Aim of the task:
Exact wording is required: transcribe all the entries and leave the images out.

The data:
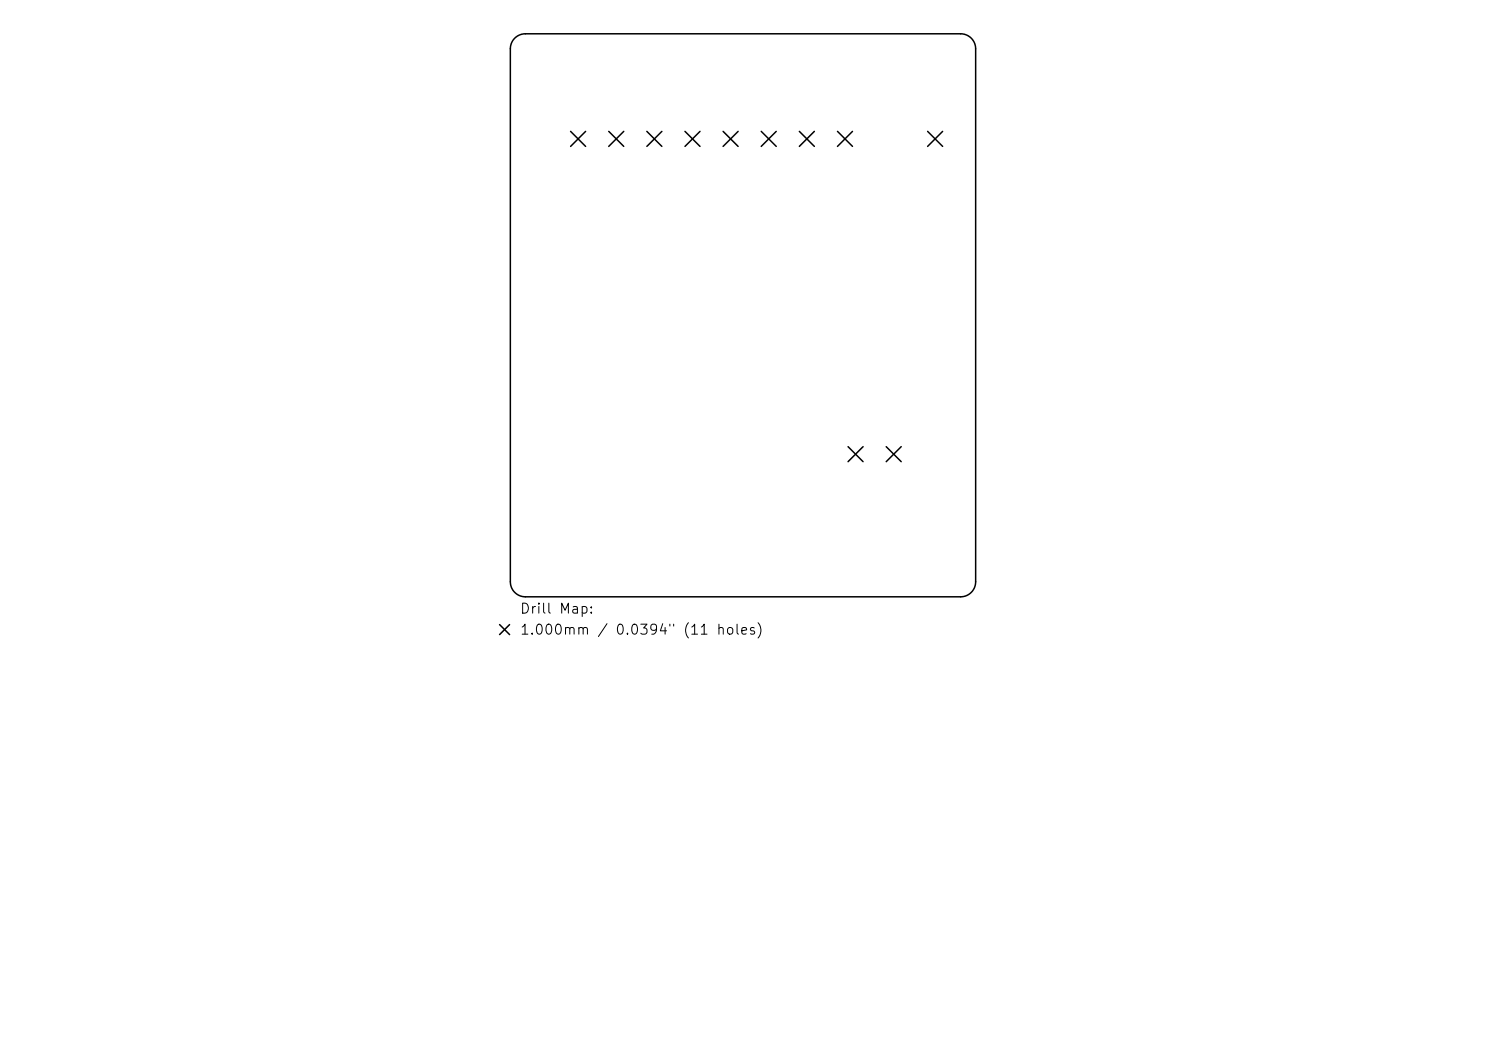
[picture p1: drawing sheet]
<svg xmlns="http://www.w3.org/2000/svg" width="297mm" height="210mm" viewBox="0 0 297 210" stroke-linecap="round" stroke-linejoin="round" font-family="sans-serif">
<defs><g id="words">
<g font-size="2">
<text x="103.8" y="123.1">Drill Map:</text>
<text x="103.8" y="127.3">1.000mm / 0.0394&quot; (11 holes)</text>
</g>
</g></defs>
<g fill="none" stroke="#000" stroke-width=".3">
<path d="M102.9 7.6a3 3 0 0 1 2.1-.8h87a3 3 0 0 1 3 3v106.5a3 3 0 0 1-3 3h-87a3 3 0 0 1-3-3v-106.5a3 3 0 0 1 .9-2.2zM114 26.3l3 3M117 26.3l-3 3M121.7 26.3l3 3M124.7 26.3l-3 3M129.3 26.3l3 3M132.3 26.3l-3 3M136.9 26.3l3 3M139.9 26.3l-3 3M144.5 26.3l3 3M147.5 26.3l-3 3M152.1 26.3l3 3"/>
<path d="M155.1 26.3l-3 3M159.8 26.3l3 3M162.8 26.3l-3 3M167.4 26.3l3 3M170.4 26.3l-3 3M185.4 26.3l3 3M188.4 26.3l-3 3M169.5 89.3l3 3M172.5 89.3l-3 3M177.1 89.3l3 3M180.1 89.3l-3 3M99.9 124.8l2 2"/>
<path d="M101.9 124.8l-2 2"/>
</g>
<use href="#words"/>
</svg>

Response to this task:
[picture p1: drawing sheet]
<svg xmlns="http://www.w3.org/2000/svg" width="297mm" height="210mm" viewBox="0 0 297 210" stroke-linecap="round" stroke-linejoin="round" font-family="sans-serif">
<defs><g id="words">
<g font-size="2">
<text x="103.8" y="123.1">Drill Map:</text>
<text x="103.8" y="127.3">1.000mm / 0.0394&quot; (11 holes)</text>
</g>
</g></defs>
<g fill="none" stroke="#000" stroke-width=".3">
<path d="M102.9 7.6a3 3 0 0 1 2.1-.8h87a3 3 0 0 1 3 3v106.5a3 3 0 0 1-3 3h-87a3 3 0 0 1-3-3v-106.5a3 3 0 0 1 .9-2.2zM114 26.3l3 3M117 26.3l-3 3M121.7 26.3l3 3M124.7 26.3l-3 3M129.3 26.3l3 3M132.3 26.3l-3 3M136.9 26.3l3 3M139.9 26.3l-3 3M144.5 26.3l3 3M147.5 26.3l-3 3M152.1 26.3l3 3"/>
<path d="M155.1 26.3l-3 3M159.8 26.3l3 3M162.8 26.3l-3 3M167.4 26.3l3 3M170.4 26.3l-3 3M185.4 26.3l3 3M188.4 26.3l-3 3M169.5 89.3l3 3M172.5 89.3l-3 3M177.1 89.3l3 3M180.1 89.3l-3 3M99.9 124.8l2 2"/>
<path d="M101.9 124.8l-2 2"/>
</g>
<use href="#words"/>
</svg>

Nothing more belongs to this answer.